» TASK GOAL:
The line containing "Geometry check sheet." marks the end: restate word for word every line from the first line of the entries below through that one.

(Items listed in a dataset)
================================

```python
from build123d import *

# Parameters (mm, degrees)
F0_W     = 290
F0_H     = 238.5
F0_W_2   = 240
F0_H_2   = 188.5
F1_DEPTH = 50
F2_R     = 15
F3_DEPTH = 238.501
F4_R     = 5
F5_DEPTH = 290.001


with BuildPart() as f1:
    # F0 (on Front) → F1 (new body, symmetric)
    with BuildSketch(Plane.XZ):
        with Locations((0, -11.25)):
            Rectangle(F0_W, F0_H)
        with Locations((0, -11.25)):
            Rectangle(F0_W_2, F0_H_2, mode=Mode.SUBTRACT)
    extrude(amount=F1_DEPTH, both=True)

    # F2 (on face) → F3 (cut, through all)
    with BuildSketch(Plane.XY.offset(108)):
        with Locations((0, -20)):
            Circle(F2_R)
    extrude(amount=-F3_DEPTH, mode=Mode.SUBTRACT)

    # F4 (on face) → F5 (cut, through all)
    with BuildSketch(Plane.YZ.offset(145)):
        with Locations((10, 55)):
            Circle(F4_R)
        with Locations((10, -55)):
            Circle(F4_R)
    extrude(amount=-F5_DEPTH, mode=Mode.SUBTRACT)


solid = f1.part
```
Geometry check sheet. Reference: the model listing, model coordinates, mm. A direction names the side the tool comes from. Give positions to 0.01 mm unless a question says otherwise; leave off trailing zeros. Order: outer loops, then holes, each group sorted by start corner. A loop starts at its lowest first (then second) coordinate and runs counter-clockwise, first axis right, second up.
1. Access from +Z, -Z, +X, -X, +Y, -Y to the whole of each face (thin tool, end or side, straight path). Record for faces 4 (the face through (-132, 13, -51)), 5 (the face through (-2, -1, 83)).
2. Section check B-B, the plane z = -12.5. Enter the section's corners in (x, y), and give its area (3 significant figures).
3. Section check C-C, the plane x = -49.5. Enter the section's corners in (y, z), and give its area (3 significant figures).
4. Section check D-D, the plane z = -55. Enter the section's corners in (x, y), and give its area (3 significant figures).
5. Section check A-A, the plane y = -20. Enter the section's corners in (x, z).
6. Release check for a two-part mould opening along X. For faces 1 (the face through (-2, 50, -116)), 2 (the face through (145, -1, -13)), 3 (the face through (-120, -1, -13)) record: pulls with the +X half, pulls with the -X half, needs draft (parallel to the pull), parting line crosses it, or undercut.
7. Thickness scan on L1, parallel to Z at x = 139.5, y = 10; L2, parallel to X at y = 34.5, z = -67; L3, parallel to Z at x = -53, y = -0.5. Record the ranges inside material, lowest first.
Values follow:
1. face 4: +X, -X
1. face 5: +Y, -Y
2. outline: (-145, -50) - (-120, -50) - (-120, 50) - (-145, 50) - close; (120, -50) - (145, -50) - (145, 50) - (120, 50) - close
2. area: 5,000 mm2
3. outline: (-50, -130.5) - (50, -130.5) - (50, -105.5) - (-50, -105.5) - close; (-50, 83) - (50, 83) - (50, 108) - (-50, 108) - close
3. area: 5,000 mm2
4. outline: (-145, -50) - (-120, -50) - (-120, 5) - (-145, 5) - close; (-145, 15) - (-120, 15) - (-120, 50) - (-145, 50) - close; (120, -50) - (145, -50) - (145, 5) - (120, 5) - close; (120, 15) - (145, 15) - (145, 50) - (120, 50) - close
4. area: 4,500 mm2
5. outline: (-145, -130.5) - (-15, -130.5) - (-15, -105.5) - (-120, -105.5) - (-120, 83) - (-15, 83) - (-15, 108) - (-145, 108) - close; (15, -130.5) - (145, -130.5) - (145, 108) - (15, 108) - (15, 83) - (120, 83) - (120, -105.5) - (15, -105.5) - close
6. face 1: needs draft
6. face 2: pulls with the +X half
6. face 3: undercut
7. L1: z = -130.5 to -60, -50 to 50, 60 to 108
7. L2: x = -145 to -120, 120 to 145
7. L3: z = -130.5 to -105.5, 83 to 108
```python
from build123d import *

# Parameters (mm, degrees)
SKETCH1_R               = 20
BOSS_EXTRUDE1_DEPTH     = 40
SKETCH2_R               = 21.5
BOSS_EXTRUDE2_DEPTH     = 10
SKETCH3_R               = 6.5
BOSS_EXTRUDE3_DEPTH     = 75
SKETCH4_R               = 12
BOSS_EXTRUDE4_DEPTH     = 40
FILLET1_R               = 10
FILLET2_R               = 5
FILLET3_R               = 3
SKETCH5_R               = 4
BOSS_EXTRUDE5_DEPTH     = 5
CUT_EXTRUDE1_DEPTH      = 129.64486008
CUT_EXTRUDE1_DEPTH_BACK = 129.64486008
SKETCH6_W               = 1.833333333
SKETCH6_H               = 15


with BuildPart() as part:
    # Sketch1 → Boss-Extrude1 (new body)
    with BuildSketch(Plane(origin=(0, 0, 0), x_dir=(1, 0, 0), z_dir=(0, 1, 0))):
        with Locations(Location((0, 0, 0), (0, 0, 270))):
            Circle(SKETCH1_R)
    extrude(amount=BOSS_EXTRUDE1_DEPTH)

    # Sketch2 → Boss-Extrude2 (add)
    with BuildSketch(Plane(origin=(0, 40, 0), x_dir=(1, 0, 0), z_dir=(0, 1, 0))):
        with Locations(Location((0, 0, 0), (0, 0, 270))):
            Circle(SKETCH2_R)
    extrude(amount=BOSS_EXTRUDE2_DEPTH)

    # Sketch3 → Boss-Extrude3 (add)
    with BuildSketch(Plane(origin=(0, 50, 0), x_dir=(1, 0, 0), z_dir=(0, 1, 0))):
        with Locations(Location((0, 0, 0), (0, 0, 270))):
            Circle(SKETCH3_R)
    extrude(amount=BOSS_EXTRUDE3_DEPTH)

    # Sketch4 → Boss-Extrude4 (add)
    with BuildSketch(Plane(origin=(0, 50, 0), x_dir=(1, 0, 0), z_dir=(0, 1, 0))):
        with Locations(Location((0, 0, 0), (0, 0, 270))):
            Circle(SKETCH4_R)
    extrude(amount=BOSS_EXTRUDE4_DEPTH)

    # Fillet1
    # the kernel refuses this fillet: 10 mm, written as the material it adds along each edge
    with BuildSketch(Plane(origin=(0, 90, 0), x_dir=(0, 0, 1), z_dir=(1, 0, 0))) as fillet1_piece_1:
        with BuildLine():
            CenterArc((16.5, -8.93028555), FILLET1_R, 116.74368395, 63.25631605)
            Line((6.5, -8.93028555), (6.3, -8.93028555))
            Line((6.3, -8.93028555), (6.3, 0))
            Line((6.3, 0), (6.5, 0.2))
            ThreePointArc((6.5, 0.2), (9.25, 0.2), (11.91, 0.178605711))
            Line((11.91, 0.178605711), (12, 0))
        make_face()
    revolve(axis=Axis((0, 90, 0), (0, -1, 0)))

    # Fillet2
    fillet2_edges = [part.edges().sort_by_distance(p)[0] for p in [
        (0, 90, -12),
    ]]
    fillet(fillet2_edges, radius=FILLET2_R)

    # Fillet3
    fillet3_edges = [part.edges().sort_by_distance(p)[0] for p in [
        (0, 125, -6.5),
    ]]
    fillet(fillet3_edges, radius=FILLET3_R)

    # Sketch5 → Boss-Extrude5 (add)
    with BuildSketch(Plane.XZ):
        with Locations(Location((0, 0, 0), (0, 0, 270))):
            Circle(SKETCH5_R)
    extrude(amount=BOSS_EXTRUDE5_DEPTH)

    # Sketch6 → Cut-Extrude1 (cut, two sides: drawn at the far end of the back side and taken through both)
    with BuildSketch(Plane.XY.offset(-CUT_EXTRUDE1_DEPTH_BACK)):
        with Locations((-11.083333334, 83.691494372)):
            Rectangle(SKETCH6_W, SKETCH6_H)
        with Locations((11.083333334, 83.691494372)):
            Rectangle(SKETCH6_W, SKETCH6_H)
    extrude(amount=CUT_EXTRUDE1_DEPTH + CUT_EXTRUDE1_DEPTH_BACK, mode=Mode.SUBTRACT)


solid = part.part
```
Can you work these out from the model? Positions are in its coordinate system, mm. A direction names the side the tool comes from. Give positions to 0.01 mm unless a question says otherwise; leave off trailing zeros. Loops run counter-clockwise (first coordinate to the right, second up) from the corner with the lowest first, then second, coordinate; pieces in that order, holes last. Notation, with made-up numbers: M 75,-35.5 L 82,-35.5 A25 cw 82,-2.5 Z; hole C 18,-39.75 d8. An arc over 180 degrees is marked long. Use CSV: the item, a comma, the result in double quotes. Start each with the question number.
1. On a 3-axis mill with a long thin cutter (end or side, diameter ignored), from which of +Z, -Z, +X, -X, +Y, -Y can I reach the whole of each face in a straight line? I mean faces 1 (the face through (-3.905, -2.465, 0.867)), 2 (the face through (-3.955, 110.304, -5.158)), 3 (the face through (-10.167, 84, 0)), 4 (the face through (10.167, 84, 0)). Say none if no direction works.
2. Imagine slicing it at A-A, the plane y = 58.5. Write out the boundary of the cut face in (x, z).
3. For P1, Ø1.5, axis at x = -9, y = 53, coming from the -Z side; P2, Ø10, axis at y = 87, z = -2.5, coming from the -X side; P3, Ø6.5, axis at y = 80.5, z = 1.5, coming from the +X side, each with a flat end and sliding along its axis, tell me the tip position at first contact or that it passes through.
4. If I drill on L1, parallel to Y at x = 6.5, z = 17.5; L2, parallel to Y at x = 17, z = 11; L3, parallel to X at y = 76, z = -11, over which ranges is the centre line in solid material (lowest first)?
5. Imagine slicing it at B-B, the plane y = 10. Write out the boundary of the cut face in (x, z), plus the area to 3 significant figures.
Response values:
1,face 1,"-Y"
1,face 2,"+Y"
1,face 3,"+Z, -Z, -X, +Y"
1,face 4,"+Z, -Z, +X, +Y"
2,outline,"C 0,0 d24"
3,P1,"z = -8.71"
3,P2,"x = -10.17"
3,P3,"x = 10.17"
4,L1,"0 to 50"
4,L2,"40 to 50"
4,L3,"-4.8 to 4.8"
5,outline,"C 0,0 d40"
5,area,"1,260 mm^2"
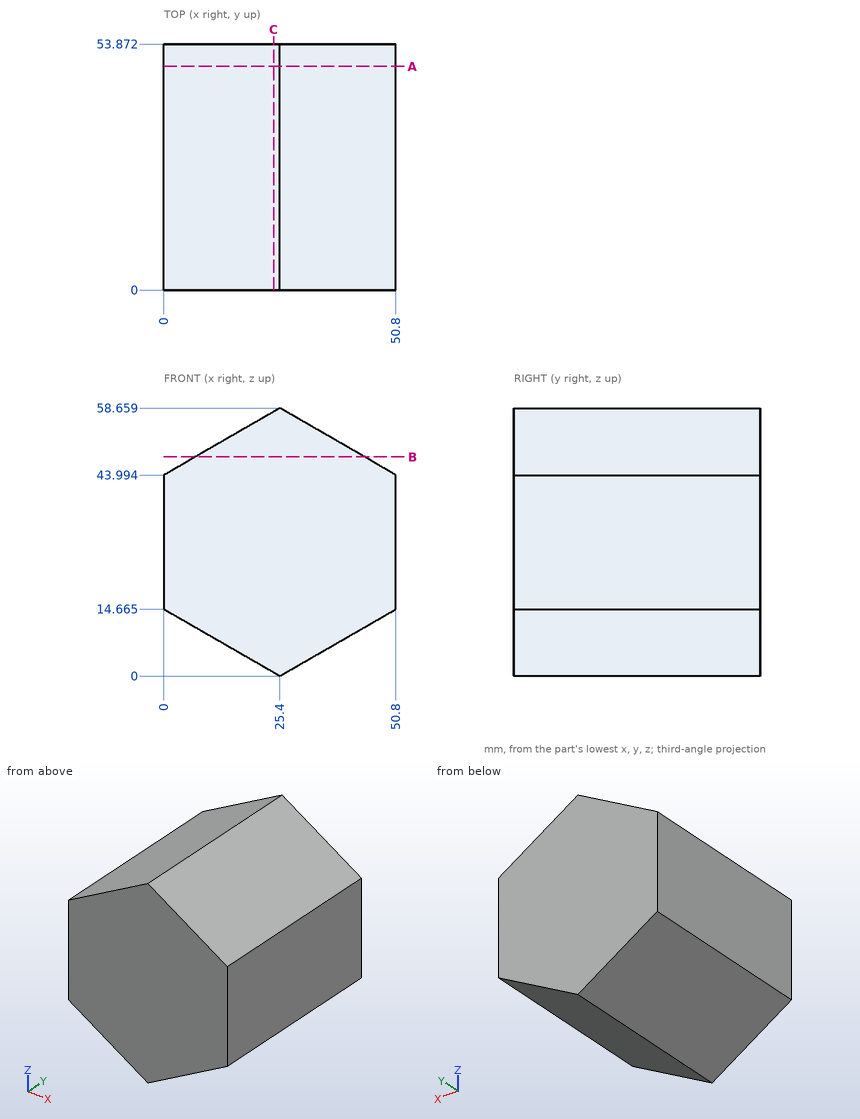
The drawing under review shows one solid part. Ordinate dimensions are in mm from its lowest x, y, z. Coordinates: 2 decimals unless noted, no trailing zeros. Loops run counter-clockwise (first coordinate to the right, second up) from the corner with the lowest first, then second, coordinate; pieces in that order, holes last.
Item 1: Add section A-A (y = 49). Write out the cut boundary in (x, z) (1 decimal).
Completed:
outline: (0, 14.7) - (25.4, 0) - (50.8, 14.7) - (50.8, 44) - (25.4, 58.7) - (0, 44) - close
Item 2: Add section C-C (x = 24). Write out the cut boundary in (y, z).
Completed:
outline: (0, 0.81) - (53.87, 0.81) - (53.87, 57.85) - (0, 57.85) - close
Item 3: Wall thickness on L1, parallel to X at y = 44.5, z = 47 (1 decimal); L2, parallel to Z at x = 35, y = 27 (1 decimal); L3, parallel to Z at x = 48.5, y = 24.5: over which ranges is each line inside the solid? List them lowest first.
Completed:
L1: x = 5.2 to 45.6
L2: z = 5.5 to 53.1
L3: z = 13.34 to 45.32
Item 4: Add section B-B (z = 48). Write out the cut boundary in (x, y), and give its area (3 significant figures).
Completed:
outline: (6.94, 0) - (43.86, 0) - (43.86, 53.87) - (6.94, 53.87) - close
area: 1,990 mm2
Item 5: Clearance check with flat-ended pins moving along their axes: pin 1 (1 mm diameter, centred on y = 26, z = 46.5, fed in from +X) (1 decimal); pin 2 (10 mm diameter, centred on x = 43, y = 20, fed in from +Z) (1 decimal); pin 3 (10 mm diameter, centred on x = 31.5, y = 26, fed in from +Z). State where each tip first meets the part, or that it passes through.
Completed:
pin 1: stops at x = 47.3
pin 2: stops at z = 51.4
pin 3: stops at z = 58.02
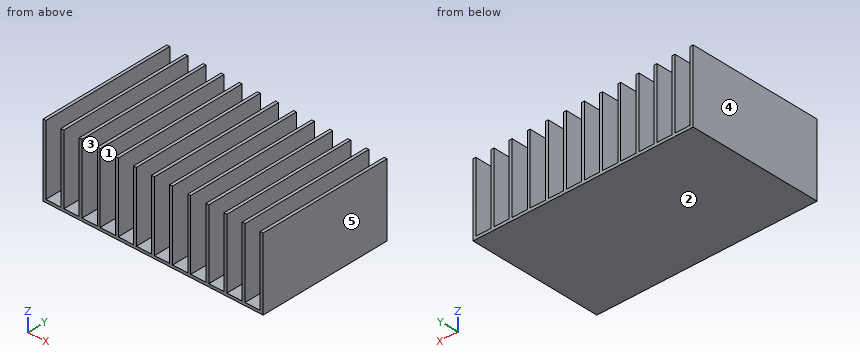
from build123d import *

# Parameters (mm, degrees)
F0_W     = 1930.4
F0_H     = 1168.4
F1_DEPTH = 25.4
F2_W     = 25.4
F2_H     = 1168.4
F3_DEPTH = 609.6


with BuildPart() as f1:
    # F0 (on Top) → F1 (new body)
    with BuildSketch(Plane.XY):
        Rectangle(F0_W, F0_H)
    extrude(amount=F1_DEPTH)

    # F2 (on face) → F3 (join)
    with BuildSketch(Plane.XY.offset(25.4)):
        with Locations((-952.5, 0)):
            Rectangle(F2_W, F2_H)
        with Locations((-793.75, 0)):
            Rectangle(F2_W, F2_H)
        with Locations((-635, 0)):
            Rectangle(F2_W, F2_H)
        with Locations((-476.25, 0)):
            Rectangle(F2_W, F2_H)
        with Locations((-317.5, 0)):
            Rectangle(F2_W, F2_H)
        with Locations((-158.75, 0)):
            Rectangle(F2_W, F2_H)
        Rectangle(F2_W, F2_H)
        with Locations((158.75, 0)):
            Rectangle(F2_W, F2_H)
        with Locations((317.5, 0)):
            Rectangle(F2_W, F2_H)
        with Locations((476.25, 0)):
            Rectangle(F2_W, F2_H)
        with Locations((635, 0)):
            Rectangle(F2_W, F2_H)
        with Locations((793.75, 0)):
            Rectangle(F2_W, F2_H)
        with Locations((952.5, 0)):
            Rectangle(F2_W, F2_H)
    extrude(amount=F3_DEPTH)


solid = f1.part
Check sheet for the modelled part. Datum: model origin and axes. Units: mm. Face numbers are marked on the shaded views. A direction names the side the tool comes from. Coordinates: 2 decimals unless noted, no trailing zeros. Write each loop counter-clockwise with the first axis right and the second up, starting at its lowest first coordinate (ties: lowest second). Pieces come first, ordered by that corner, then holes. Notation, with made-up numbers: M -15,4.25 L -11,4.25 A27 cw -11,29.25 Z; hole C -30.75,48 d6. An arc over 180 degrees is marked long. Answer as CSV lines item,"result".
Q1. Mould release check, pull along X, two halves, no side actions. Record for the marked faces 3, 4 and 5: released by +X, released by -X, zero draft, split by the parting line, or undercut.
Check result:
face 3,"undercut"
face 4,"released by -X"
face 5,"released by +X"
Q2. Set-up check for the marked faces 1 and 2: record each of +Z, -Z, +X, -X, +Y, -Y from which the full face is reachable in a straight line by a thin tool's end or side.
Check result:
face 1,"+Z, +Y, -Y"
face 2,"-Z, +X, -X, +Y, -Y"
Q3. Material ranges on probe 1 along Z at (x, y) = (125, -87), recorded low to high. Write a range as from..to.
Check result:
probe 1,"0..25.4"
Q4. Cross-section at B-B (x = -46.5). Record the boundary of the cut face in (y, z), then the cut area to 3 significant figures.
Check result:
outline,"M -584.2,0 L 584.2,0 L 584.2,25.4 L -584.2,25.4 Z"
area,"29,700 mm^2"
Q5. Cross-section at A-A (z = 233.5). Count the separate pieces of the cut face and the enclosed holes in it, then the cut area to 3 significant figures.
Check result:
separate pieces,"13"
enclosed holes,"0"
area,"386,000 mm^2"
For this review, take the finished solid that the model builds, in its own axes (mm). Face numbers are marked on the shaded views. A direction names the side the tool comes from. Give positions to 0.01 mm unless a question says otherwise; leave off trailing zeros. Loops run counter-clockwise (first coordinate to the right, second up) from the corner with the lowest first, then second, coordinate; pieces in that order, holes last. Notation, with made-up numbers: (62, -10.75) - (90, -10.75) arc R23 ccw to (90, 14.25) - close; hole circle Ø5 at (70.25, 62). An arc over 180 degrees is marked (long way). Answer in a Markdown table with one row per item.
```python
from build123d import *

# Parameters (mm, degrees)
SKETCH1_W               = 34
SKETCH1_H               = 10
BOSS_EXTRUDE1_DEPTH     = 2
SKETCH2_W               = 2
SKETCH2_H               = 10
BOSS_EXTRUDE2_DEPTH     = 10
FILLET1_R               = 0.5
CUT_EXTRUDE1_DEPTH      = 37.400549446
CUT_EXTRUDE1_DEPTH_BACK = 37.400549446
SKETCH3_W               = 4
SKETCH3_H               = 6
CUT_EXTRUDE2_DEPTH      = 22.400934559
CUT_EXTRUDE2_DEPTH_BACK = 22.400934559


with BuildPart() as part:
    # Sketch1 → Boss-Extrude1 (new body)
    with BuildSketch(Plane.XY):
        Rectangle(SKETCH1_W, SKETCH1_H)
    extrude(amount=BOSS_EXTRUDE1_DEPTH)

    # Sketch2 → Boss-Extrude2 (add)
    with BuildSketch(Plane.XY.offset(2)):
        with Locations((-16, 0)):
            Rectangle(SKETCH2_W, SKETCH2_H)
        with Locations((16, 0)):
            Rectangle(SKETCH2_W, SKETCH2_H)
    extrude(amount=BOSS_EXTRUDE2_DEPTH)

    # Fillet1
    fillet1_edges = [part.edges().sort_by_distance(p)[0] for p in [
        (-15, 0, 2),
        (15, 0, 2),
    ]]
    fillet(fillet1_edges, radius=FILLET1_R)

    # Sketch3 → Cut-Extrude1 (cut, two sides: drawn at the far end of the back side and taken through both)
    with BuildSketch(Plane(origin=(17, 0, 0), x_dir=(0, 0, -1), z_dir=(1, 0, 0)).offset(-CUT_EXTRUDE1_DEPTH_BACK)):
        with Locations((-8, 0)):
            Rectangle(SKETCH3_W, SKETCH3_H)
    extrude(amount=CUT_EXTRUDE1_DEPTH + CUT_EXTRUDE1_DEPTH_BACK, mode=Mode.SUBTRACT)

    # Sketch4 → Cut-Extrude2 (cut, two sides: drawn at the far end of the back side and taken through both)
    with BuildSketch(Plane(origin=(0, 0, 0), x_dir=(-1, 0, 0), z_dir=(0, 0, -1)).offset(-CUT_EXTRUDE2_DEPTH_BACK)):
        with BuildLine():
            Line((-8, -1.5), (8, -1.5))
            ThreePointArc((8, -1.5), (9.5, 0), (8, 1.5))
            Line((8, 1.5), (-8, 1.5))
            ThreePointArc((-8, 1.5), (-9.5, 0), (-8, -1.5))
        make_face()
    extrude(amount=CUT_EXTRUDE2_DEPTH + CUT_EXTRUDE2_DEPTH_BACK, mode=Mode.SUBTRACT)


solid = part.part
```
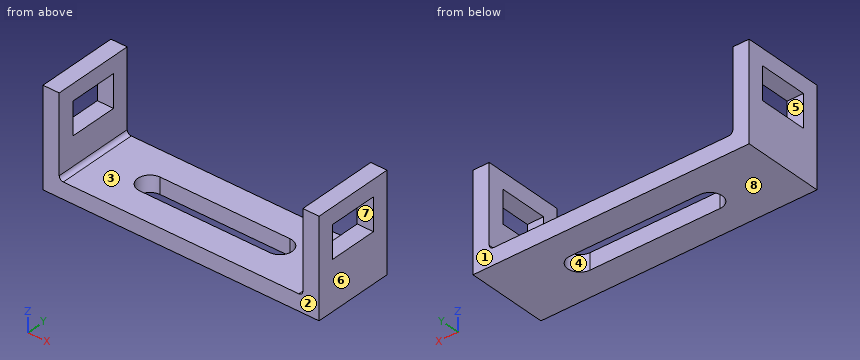
1. Wall thickness on line 1 (X direction, y = 1.25, z = 3); line 2 (Y direction, x = 15.5, z = 6.75); line 3 (Z direction, x = 9, y = -3.75): over which ranges is each line inside the solid? List them lowest first. Write a range as [from, to].
Values:
| item | result |
|---|---|
| line 1 | x = [-17, -15], [15, 17] |
| line 2 | y = [-5, -3], [3, 5] |
| line 3 | z = [0, 2] |
2. Clearance check with a flat-ended pin moving along its axis: pin 1 (4 mm diameter, centred on x = 10, y = 3, fed in from +Z). State where the tip first meets the part, or that it passes through.
Values:
| item | result |
|---|---|
| pin 1 | stops at z = 2 |
3. For the marked faces 1, 2, 3, 4 and 5, list the 3-axis set-ups (+Z, -Z, +X, -X, +Y, -Y) from which the entire face can be reached by the end or side of a thin tool; tool diameter is ignored.
Values:
| item | result |
|---|---|
| face 1 | +Z, -Z, +X, -X, +Y |
| face 2 | +Z, -Z, +X, -X, -Y |
| face 3 | +Z, +Y, -Y |
| face 4 | +Z, -Z |
| face 5 | +X, -X |
4. We need section B-B, the plane x = -5. Give the boundary of the cut face in (y, z).
Values:
| item | result |
|---|---|
| outline | (-5, 0) - (-1.5, 0) - (-1.5, 2) - (-5, 2) - close; (1.5, 0) - (5, 0) - (5, 2) - (1.5, 2) - close |
5. We need section C-C, the plane z = 9.5. Give the boundary of the cut face in (x, y).
Values:
| item | result |
|---|---|
| outline | (-17, -5) - (-15, -5) - (-15, -3) - (-17, -3) - close; (-17, 3) - (-15, 3) - (-15, 5) - (-17, 5) - close; (15, -5) - (17, -5) - (17, -3) - (15, -3) - close; (15, 3) - (17, 3) - (17, 5) - (15, 5) - close |
6. We need section D-D, the plane y = -2.25. Give the boundary of the cut face in (x, z).
Values:
| item | result |
|---|---|
| outline | (-17, 0) - (17, 0) - (17, 6) - (15, 6) - (15, 2.5) arc R0.5 cw to (14.5, 2) - (-14.5, 2) arc R0.5 cw to (-15, 2.5) - (-15, 6) - (-17, 6) - close; (-17, 10) - (-15, 10) - (-15, 12) - (-17, 12) - close; (15, 10) - (17, 10) - (17, 12) - (15, 12) - close |
7. Mouldability with a two-part tool opening along Z and no side actions: class the marked faces 6, 7 and 8 as released by +Z, released by -Z, zero draft, split by the parting line, or undercut.
Values:
| item | result |
|---|---|
| face 6 | zero draft |
| face 7 | undercut |
| face 8 | released by -Z |
8. We need section A-A, the plane z = 4. Give the boundary of the cut face in (x, y).
Values:
| item | result |
|---|---|
| outline | (-17, -5) - (-15, -5) - (-15, 5) - (-17, 5) - close; (15, -5) - (17, -5) - (17, 5) - (15, 5) - close |

================================

» RESULT OF THIS EXERCISE:
```python
from build123d import *

# Parameters (mm, degrees)
F0_W     = 290
F0_H     = 238.5
F0_W_2   = 240
F0_H_2   = 188.5
F1_DEPTH = 50
F2_R     = 15
F3_DEPTH = 238.501
F4_R     = 5
F5_DEPTH = 290.001


with BuildPart() as f1:
    # F0 (on Front) → F1 (new body, symmetric)
    with BuildSketch(Plane.XZ):
        with Locations((0, -11.25)):
            Rectangle(F0_W, F0_H)
        with Locations((0, -11.25)):
            Rectangle(F0_W_2, F0_H_2, mode=Mode.SUBTRACT)
    extrude(amount=F1_DEPTH, both=True)

    # F2 (on face) → F3 (cut, through all)
    with BuildSketch(Plane.XY.offset(108)):
        with Locations((0, -20)):
            Circle(F2_R)
    extrude(amount=-F3_DEPTH, mode=Mode.SUBTRACT)

    # F4 (on face) → F5 (cut, through all)
    with BuildSketch(Plane.YZ.offset(145)):
        with Locations((10, 55)):
            Circle(F4_R)
        with Locations((10, -55)):
            Circle(F4_R)
    extrude(amount=-F5_DEPTH, mode=Mode.SUBTRACT)


solid = f1.part
```
Geometry check sheet. Reference: the model listing, model coordinates, mm. A direction names the side the tool comes from. Give positions to 0.01 mm unless a question says otherwise; leave off trailing zeros. Order: outer loops, then holes, each group sorted by start corner. A loop starts at its lowest first (then second) coordinate and runs counter-clockwise, first axis right, second up.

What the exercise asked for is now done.